**Required work**
With the pictures excluded, retype the records that follow exactly.

*** Source data ***

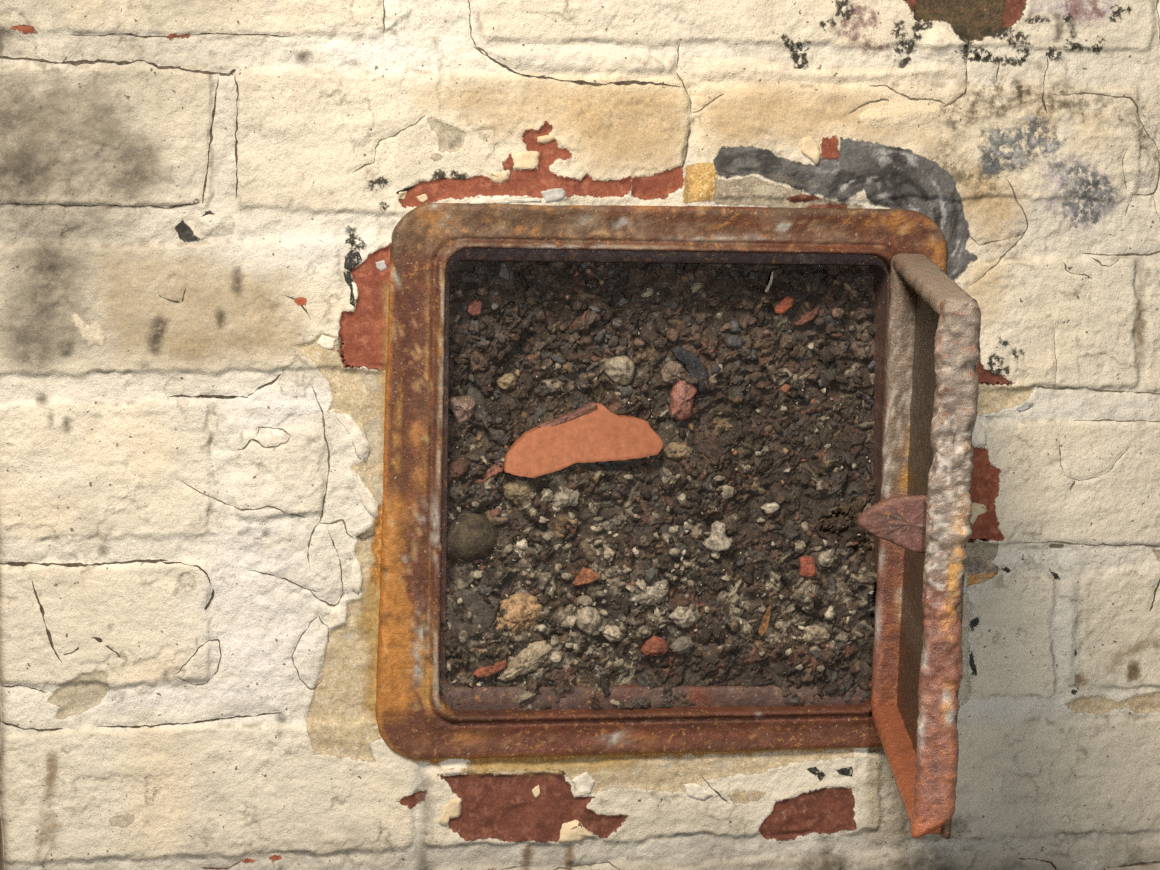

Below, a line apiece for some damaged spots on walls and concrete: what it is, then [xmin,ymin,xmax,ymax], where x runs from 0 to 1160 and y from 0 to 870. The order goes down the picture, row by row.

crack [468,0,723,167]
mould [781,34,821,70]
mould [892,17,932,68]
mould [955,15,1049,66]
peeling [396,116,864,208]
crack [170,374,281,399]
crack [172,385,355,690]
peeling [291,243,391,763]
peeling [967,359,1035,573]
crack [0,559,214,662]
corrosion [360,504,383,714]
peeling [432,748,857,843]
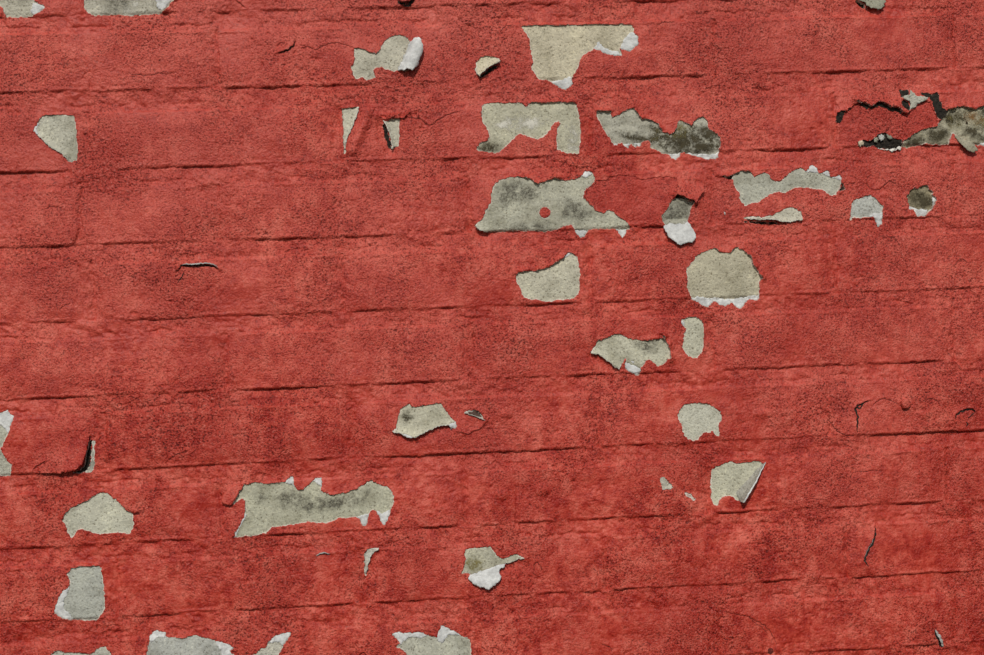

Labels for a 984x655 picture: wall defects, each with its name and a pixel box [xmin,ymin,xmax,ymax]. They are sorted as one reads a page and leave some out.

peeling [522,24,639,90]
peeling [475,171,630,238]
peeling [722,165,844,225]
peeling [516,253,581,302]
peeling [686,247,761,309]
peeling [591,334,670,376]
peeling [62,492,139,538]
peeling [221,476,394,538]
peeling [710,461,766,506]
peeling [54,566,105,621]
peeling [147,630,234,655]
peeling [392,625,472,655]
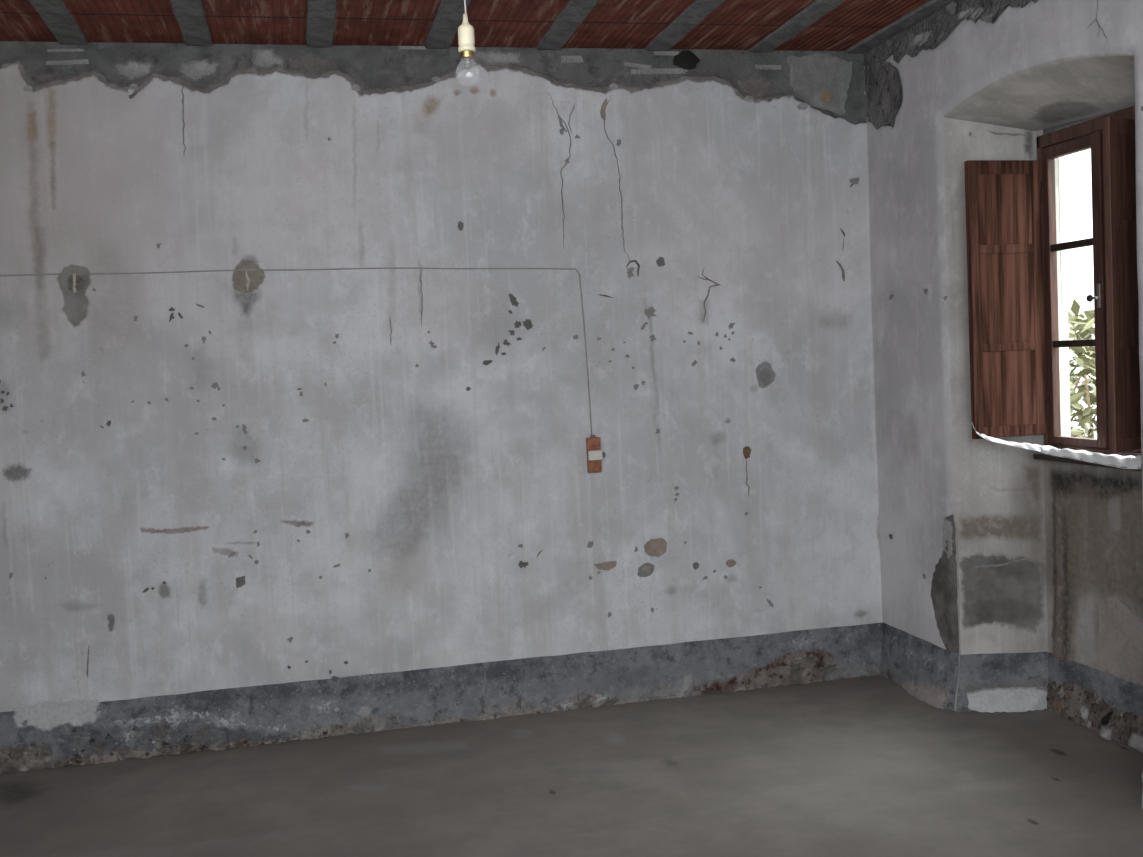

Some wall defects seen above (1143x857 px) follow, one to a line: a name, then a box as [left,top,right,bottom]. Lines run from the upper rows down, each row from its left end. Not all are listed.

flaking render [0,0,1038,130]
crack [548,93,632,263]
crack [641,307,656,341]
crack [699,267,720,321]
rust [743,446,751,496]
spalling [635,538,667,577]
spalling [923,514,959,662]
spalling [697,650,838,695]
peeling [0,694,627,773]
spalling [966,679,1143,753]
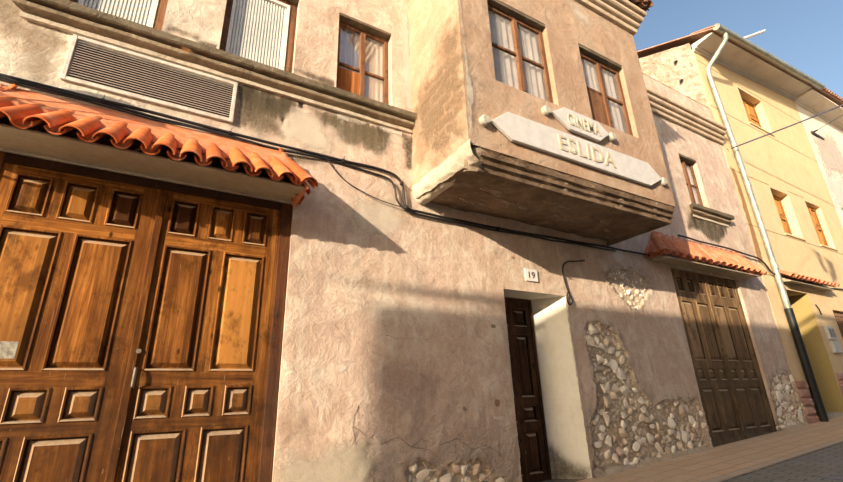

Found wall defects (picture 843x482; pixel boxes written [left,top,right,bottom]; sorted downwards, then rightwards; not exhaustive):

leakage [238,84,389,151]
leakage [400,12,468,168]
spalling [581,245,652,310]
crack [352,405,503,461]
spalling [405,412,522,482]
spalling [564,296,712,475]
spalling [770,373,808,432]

*** End of Source data ***

**Output for this task**
Below, a line apiece for some damaged spots on walls and concrete: what it is, then [xmin,ymin,xmax,ymax], where x runs from 0 to 1160 and y from 0 to 870. The order goes down the picture, row by row.

crack [468,0,723,167]
mould [781,34,821,70]
mould [892,17,932,68]
mould [955,15,1049,66]
peeling [396,116,864,208]
crack [170,374,281,399]
crack [172,385,355,690]
peeling [291,243,391,763]
peeling [967,359,1035,573]
crack [0,559,214,662]
corrosion [360,504,383,714]
peeling [432,748,857,843]

Labels for a 984x655 picture: wall defects, each with its name and a pixel box [xmin,ymin,xmax,ymax]. They are sorted as one reads a page and leave some out.

peeling [522,24,639,90]
peeling [475,171,630,238]
peeling [722,165,844,225]
peeling [516,253,581,302]
peeling [686,247,761,309]
peeling [591,334,670,376]
peeling [62,492,139,538]
peeling [221,476,394,538]
peeling [710,461,766,506]
peeling [54,566,105,621]
peeling [147,630,234,655]
peeling [392,625,472,655]

Some wall defects seen above (1143x857 px) follow, one to a line: a name, then a box as [left,top,right,bottom]. Lines run from the upper rows down, each row from its left end. Not all are listed.

flaking render [0,0,1038,130]
crack [548,93,632,263]
crack [641,307,656,341]
crack [699,267,720,321]
rust [743,446,751,496]
spalling [635,538,667,577]
spalling [923,514,959,662]
spalling [697,650,838,695]
peeling [0,694,627,773]
spalling [966,679,1143,753]

Found wall defects (picture 843x482; pixel boxes written [left,top,right,bottom]; sorted downwards, then rightwards; not exhaustive):

leakage [238,84,389,151]
leakage [400,12,468,168]
spalling [581,245,652,310]
crack [352,405,503,461]
spalling [405,412,522,482]
spalling [564,296,712,475]
spalling [770,373,808,432]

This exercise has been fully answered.